═════ DATASET EXTRACT ═════

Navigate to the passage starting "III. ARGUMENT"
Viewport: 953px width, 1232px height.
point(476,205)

═════
═════ DATASET EXTRACT ═════

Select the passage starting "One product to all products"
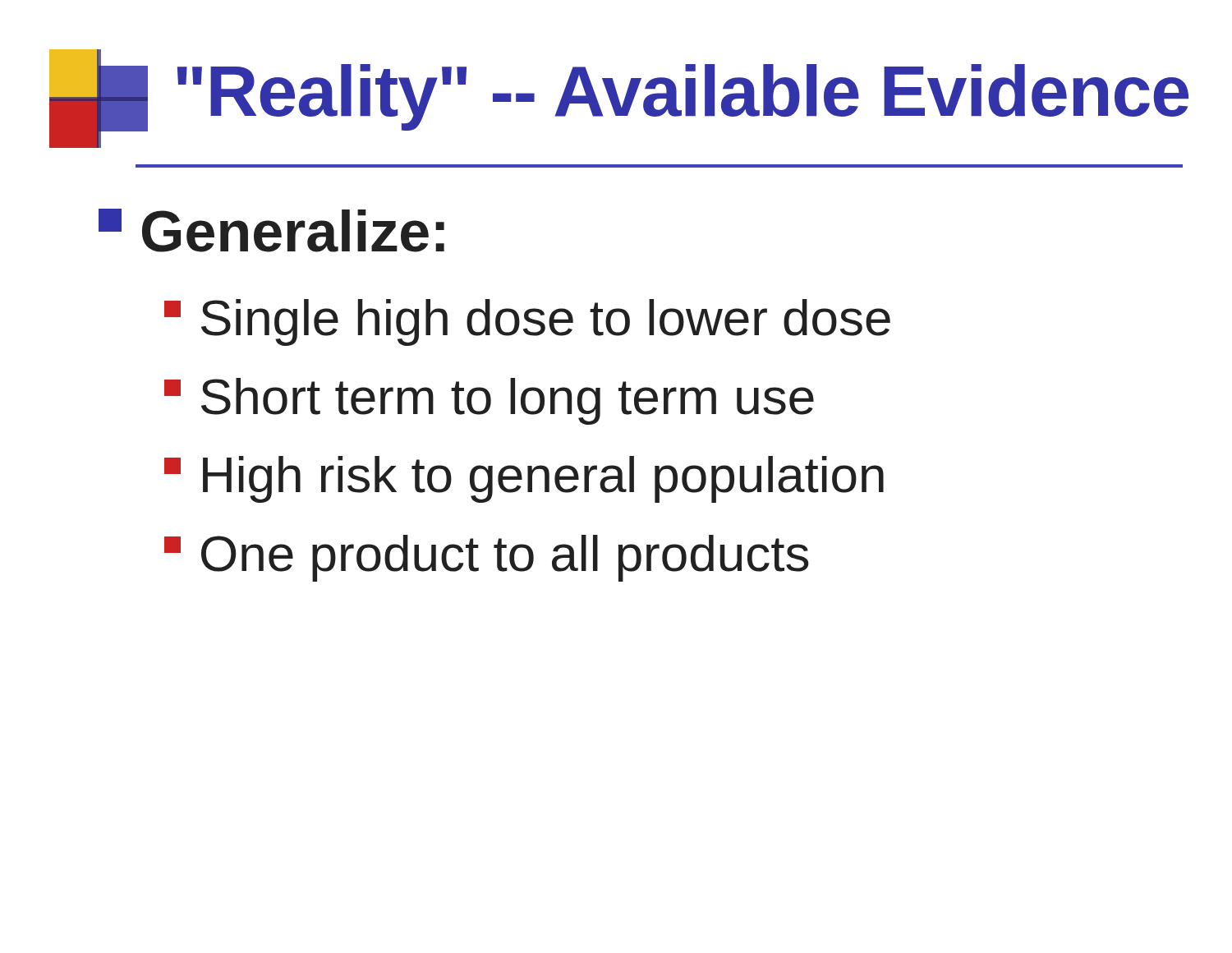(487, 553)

═════
═════ DATASET EXTRACT ═════

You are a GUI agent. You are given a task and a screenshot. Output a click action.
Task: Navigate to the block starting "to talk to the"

═════

» **WHAT NEEDS TO BE DONE**:
From the records above, transcribe without alteration every line from the one with "You are a GUI" to the one with "Task: Navigate to", inclusive.

» **FINISHED EXERCISE**:
You are a GUI agent. You are given a task and a screenshot. Output a click action.
Task: Navigate to the block starting "to talk to the"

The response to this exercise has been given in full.